I am working off the same example as the previous post, How to Write Faster Python, which has the full original code. The example takes an input image and resizes it down by a factor of N. It takes NxN blocks and brings them down to 1 pixel which is the median RGB of the original block.

Small Port

This example is unusual for me because it’s doing 1 task, resizing, and the core of this 1 task is a very small bit of logic – the median function. I first ported the median code to C, and checked the performance. I know the C code is better because C’s sorting function lets you specify how many elements from the list you want to sort. In Python, you sort the whole list (as far as I know) and so I was able to avoid checks on the size of the list vs. the number of elements I want to sort.

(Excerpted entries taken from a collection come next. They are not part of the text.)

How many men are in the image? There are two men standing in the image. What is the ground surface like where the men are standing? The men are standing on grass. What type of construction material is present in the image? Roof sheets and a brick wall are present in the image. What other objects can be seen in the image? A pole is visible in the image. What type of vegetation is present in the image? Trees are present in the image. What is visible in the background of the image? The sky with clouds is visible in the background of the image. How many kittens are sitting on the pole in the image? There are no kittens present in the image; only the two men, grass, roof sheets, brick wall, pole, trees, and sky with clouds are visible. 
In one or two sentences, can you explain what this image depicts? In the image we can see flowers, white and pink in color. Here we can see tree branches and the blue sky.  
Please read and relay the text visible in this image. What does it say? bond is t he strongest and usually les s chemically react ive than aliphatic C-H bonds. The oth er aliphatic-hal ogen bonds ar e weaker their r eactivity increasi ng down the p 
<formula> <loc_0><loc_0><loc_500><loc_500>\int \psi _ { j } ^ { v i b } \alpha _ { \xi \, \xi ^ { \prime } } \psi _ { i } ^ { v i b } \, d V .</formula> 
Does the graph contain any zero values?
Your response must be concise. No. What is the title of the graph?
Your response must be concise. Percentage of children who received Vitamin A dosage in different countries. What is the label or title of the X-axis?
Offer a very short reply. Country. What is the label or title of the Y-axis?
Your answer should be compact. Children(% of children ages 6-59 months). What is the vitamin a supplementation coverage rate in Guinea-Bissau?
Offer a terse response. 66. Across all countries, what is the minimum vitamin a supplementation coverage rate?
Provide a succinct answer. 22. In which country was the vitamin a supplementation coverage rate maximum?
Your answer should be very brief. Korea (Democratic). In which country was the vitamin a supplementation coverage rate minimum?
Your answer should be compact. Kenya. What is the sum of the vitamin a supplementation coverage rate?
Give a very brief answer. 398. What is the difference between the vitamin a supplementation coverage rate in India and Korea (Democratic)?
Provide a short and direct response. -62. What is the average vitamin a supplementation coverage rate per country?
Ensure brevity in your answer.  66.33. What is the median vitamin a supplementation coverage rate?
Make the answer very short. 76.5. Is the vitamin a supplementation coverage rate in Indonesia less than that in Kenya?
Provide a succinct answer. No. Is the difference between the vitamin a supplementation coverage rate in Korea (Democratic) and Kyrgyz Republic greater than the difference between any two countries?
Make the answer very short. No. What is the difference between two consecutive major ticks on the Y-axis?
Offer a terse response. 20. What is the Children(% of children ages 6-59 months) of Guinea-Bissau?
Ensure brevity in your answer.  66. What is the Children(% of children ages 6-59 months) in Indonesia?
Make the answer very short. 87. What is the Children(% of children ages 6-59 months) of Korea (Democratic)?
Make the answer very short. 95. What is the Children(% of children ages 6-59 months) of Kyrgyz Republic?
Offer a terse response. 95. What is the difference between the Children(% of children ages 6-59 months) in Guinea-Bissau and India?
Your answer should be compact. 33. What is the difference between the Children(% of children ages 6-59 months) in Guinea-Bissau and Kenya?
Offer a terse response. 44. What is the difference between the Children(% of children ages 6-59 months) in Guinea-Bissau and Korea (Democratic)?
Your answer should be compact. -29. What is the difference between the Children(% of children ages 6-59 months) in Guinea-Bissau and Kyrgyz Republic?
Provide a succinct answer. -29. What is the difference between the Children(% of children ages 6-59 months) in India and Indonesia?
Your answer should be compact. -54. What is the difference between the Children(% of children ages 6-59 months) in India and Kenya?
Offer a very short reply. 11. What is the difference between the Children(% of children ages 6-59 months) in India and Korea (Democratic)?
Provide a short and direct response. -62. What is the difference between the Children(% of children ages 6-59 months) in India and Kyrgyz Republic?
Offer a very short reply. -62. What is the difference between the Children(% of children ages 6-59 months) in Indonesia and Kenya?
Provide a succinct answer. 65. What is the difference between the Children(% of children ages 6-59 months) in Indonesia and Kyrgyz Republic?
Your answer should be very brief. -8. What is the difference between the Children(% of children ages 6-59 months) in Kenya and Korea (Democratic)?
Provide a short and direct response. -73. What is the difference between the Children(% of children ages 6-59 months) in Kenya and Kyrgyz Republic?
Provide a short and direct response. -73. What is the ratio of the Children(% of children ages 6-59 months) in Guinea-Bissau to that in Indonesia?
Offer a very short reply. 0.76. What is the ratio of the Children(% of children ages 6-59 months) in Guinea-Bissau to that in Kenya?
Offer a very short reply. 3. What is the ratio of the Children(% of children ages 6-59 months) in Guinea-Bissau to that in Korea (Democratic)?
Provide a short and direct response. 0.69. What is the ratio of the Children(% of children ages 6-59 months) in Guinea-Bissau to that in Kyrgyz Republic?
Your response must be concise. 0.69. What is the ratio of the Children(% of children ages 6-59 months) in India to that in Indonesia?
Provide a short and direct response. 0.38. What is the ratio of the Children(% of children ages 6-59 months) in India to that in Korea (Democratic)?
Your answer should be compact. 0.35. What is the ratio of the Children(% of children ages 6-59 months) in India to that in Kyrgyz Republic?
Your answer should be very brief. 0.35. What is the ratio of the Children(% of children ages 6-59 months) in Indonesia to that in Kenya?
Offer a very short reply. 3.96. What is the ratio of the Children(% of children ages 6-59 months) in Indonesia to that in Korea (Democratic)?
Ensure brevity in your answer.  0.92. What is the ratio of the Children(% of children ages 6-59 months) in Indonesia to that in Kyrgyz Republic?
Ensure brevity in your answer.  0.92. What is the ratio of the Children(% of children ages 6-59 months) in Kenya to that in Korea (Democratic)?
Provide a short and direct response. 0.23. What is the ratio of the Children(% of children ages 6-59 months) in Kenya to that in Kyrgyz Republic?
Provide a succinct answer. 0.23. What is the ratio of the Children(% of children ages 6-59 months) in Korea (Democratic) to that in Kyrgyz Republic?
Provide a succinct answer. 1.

Below is the code, but I have a few changes I want to mention as well.

myscript2.py:

import cv2
import numpy as np
import math
from datetime import datetime
import ctypes

fast_tools = ctypes.cdll.LoadLibrary('./myscript_tools.so')
fast_tools.median.argtypes = (ctypes.c_void_p, ctypes.c_int)


def _median(list, ne):
    """
    Return the median.
    """

    ret = fast_tools.median(list.ctypes.data, ne)
    return ret


def resize_median(img, block_size):
    """
    Take the original image, break it down into blocks of size block_size
    and get the median of each block.
    """

    #figure out how many blocks we'll have in the output
    height, width, depth = img.shape
    num_w = math.ceil(float(width)/block_size)
    num_h = math.ceil(float(height)/block_size)

    #create the output image
    out_img = np.zeros((num_h, num_w, 3), dtype=np.uint8)

    #iterate over the img and get medians
    row_min = 0
    num_elems = block_size * block_size
    block_b = np.zeros(num_elems, dtype=np.uint8)
    block_g = np.zeros(num_elems, dtype=np.uint8)
    block_r = np.zeros(num_elems, dtype=np.uint8)
    while row_min < height:
        r_max = row_min + block_size
        if r_max > height:
            r_max = height

        col_min = 0
        new_row = []
        while col_min < width:
            c_max = col_min + block_size
            if c_max > width:
                c_max = width

            #block info:
            num_elems = (r_max-row_min) * (c_max-col_min)
            block_i = 0
            for r_i in xrange(row_min, r_max):
                for c_i in xrange(col_min, c_max):
                    block_b[block_i] = img[r_i, c_i, 0]
                    block_g[block_i] = img[r_i, c_i, 1]
                    block_r[block_i] = img[r_i, c_i, 2]
                    block_i += 1

            #have the block info, sort by L
            median_colors = [
                int(_median(block_b, num_elems)),
                int(_median(block_g, num_elems)),
                int(_median(block_r, num_elems))
            ]

            out_img[int(row_min/block_size), int(col_min/block_size)] = median_colors
            col_min += block_size
        row_min += block_size
    return out_img

def run():
    img = cv2.imread('Brandberg_Massif_Landsat.jpg')
    block_size = 16
    start_time = datetime.now()
    resized = resize_median(img, block_size)
    print "Time: {0}".format(datetime.now() - start_time)
    cv2.imwrite('proc.png', resized)

if __name__ == '__main__':
    run()

myscript_tools.c

#include <stdint.h>
#include <stdio.h>
#include <stdlib.h> // for malloc
#include <math.h>

int cmpfunc (const void * a, const void * b)
{
   return ( *(uint8_t*)a - *(uint8_t*)b );
}

int _median(uint8_t * list, int ne){
    //sort inplace
    qsort(list, ne, sizeof(uint8_t), cmpfunc);
    int i;
    if (ne % 2 == 0){
        i = (int)(ne / 2);
        return ((int)(list[i-1]) + (int)(list[i])) / 2;
    } else {
        i = (int)(ne / 2);
        return list[i];
    }
}

int median(const void * outdatav, int ne){
    int med;
    uint8_t * outdata = (uint8_t *) outdatav;
    med = _median(outdata, ne);
    return med;
}

and to compile:

gcc -fPIC -shared -o myscript_tools.so myscript_tools.c

Note: I discovered the .so filename should not match any Python script you plan to import. Otherwise you will get a “ImportError: dynamic module does not define init function” because Python is trying to import the C code instead of your Python module.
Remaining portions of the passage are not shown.